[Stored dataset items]

------------

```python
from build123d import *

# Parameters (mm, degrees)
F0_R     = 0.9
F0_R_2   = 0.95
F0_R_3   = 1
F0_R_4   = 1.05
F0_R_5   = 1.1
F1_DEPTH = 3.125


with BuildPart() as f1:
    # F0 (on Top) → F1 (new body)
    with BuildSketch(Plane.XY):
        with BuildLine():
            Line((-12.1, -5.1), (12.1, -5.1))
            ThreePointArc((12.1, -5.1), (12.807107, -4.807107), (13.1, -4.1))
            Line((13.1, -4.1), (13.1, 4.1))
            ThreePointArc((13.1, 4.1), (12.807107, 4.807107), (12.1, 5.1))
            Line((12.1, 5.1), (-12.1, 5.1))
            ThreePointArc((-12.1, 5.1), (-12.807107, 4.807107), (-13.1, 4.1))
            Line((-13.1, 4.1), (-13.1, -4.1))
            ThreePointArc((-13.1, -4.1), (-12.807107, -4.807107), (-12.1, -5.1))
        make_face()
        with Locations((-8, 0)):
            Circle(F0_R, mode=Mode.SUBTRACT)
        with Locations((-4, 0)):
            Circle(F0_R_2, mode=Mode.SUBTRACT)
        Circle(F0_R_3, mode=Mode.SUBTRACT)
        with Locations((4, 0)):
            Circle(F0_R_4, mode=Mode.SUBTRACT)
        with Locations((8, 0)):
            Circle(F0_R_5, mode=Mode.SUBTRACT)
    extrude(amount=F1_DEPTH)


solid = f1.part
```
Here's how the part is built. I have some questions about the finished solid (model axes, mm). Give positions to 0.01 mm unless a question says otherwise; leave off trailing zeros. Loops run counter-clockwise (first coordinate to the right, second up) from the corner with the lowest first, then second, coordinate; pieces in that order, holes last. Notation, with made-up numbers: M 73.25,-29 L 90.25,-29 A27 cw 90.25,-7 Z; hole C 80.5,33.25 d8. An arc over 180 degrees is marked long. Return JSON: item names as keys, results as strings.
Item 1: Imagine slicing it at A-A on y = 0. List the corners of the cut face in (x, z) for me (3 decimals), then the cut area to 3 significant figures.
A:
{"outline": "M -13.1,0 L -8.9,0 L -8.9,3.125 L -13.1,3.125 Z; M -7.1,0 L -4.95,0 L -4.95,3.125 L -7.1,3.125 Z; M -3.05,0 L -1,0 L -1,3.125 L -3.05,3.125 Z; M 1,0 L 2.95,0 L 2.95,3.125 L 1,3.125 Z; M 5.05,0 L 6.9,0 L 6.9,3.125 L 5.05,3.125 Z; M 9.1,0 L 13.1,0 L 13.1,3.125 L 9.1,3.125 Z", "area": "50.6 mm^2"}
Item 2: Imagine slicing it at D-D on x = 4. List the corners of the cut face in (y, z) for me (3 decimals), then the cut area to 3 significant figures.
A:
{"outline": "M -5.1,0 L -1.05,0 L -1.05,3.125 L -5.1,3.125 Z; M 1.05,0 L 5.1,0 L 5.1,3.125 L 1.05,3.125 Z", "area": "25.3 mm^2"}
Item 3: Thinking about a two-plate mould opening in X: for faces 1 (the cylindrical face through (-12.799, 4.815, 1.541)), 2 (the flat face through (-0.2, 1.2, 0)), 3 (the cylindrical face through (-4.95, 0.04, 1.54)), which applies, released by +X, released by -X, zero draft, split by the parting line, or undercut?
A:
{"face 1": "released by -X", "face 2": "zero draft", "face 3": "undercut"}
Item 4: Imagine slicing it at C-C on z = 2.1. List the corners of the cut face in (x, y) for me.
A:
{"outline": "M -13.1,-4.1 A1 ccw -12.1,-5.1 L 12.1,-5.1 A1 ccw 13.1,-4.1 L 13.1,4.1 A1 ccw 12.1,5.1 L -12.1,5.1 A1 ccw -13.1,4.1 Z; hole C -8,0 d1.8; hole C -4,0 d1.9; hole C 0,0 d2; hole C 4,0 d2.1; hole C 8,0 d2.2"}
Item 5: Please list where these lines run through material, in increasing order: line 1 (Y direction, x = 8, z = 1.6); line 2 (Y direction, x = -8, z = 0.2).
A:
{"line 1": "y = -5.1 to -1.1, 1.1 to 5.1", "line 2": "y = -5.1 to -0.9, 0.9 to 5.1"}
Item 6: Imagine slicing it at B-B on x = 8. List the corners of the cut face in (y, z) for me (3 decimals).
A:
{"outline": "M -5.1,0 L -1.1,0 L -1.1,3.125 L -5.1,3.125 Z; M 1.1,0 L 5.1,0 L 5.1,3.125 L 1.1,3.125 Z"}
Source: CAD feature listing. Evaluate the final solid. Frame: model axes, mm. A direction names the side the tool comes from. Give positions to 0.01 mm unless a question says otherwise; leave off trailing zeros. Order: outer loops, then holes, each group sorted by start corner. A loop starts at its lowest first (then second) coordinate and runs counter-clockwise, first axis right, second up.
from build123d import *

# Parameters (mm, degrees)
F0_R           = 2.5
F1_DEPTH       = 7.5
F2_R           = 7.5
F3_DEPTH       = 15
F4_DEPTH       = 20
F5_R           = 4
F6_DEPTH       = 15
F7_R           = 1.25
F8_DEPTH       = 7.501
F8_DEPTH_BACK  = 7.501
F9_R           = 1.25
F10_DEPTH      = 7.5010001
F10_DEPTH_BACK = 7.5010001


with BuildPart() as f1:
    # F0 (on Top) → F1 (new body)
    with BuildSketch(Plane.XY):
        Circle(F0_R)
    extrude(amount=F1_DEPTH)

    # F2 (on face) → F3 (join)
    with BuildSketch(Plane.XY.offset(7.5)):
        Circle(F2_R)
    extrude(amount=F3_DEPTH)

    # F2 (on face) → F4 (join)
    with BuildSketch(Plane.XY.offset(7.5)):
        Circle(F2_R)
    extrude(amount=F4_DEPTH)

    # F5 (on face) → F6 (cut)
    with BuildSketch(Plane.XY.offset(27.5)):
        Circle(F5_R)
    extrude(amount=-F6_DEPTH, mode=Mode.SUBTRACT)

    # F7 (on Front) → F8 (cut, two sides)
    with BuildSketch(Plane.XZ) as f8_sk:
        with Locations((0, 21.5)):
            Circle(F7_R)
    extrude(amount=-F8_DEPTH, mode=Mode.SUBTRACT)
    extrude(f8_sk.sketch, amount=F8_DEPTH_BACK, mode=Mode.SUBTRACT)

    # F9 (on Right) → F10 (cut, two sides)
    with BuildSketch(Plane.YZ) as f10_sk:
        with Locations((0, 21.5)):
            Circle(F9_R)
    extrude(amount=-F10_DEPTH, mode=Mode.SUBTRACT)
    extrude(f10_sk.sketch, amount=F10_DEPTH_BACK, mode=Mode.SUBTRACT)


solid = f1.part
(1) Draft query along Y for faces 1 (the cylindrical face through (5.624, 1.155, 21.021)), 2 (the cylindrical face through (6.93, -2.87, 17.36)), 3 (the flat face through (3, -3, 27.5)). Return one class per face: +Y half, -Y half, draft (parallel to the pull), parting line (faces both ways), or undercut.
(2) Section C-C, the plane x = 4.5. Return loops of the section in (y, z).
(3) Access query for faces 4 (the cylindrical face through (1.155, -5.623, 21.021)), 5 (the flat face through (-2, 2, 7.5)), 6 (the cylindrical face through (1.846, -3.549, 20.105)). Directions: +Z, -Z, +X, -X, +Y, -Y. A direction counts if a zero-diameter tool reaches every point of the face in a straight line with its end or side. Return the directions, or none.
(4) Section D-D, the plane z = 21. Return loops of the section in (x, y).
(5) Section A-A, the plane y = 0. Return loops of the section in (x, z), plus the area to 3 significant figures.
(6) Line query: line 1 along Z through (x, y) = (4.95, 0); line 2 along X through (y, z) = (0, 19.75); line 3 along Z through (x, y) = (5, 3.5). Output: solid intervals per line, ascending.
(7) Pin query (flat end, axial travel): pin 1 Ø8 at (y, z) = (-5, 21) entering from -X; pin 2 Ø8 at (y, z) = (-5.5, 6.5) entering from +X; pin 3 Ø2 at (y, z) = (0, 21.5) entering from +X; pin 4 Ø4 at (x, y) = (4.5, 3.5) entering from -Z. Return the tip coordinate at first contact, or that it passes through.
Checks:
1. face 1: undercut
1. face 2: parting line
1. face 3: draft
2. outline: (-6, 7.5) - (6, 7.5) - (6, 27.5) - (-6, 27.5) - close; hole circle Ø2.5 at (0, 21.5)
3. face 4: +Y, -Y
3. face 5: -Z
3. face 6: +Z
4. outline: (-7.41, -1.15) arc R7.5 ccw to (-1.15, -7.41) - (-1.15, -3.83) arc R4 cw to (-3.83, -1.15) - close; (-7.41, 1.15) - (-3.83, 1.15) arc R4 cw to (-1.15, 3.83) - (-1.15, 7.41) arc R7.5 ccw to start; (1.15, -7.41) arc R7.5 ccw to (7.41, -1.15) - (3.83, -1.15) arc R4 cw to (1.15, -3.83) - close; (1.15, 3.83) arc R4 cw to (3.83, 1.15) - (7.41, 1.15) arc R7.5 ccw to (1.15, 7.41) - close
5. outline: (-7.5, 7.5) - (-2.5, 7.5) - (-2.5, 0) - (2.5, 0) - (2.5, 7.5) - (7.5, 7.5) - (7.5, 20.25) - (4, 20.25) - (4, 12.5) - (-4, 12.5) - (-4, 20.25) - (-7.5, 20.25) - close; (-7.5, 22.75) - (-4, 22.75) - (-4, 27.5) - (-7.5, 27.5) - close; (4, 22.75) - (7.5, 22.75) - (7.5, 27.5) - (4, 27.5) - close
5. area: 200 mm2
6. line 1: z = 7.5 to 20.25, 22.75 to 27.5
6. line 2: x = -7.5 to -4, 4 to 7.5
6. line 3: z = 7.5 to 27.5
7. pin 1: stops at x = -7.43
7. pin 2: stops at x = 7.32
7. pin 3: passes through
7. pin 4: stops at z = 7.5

------------

**What is expected:**
Check each line of the data above, and please copy the ones in which the string "first" occurs.

**Written answer:**
Here's how the part is built. I have some questions about the finished solid (model axes, mm). Give positions to 0.01 mm unless a question says otherwise; leave off trailing zeros. Loops run counter-clockwise (first coordinate to the right, second up) from the corner with the lowest first, then second, coordinate; pieces in that order, holes last. Notation, with made-up numbers: M 73.25,-29 L 90.25,-29 A27 cw 90.25,-7 Z; hole C 80.5,33.25 d8. An arc over 180 degrees is marked long. Return JSON: item names as keys, results as strings.
Source: CAD feature listing. Evaluate the final solid. Frame: model axes, mm. A direction names the side the tool comes from. Give positions to 0.01 mm unless a question says otherwise; leave off trailing zeros. Order: outer loops, then holes, each group sorted by start corner. A loop starts at its lowest first (then second) coordinate and runs counter-clockwise, first axis right, second up.
(7) Pin query (flat end, axial travel): pin 1 Ø8 at (y, z) = (-5, 21) entering from -X; pin 2 Ø8 at (y, z) = (-5.5, 6.5) entering from +X; pin 3 Ø2 at (y, z) = (0, 21.5) entering from +X; pin 4 Ø4 at (x, y) = (4.5, 3.5) entering from -Z. Return the tip coordinate at first contact, or that it passes through.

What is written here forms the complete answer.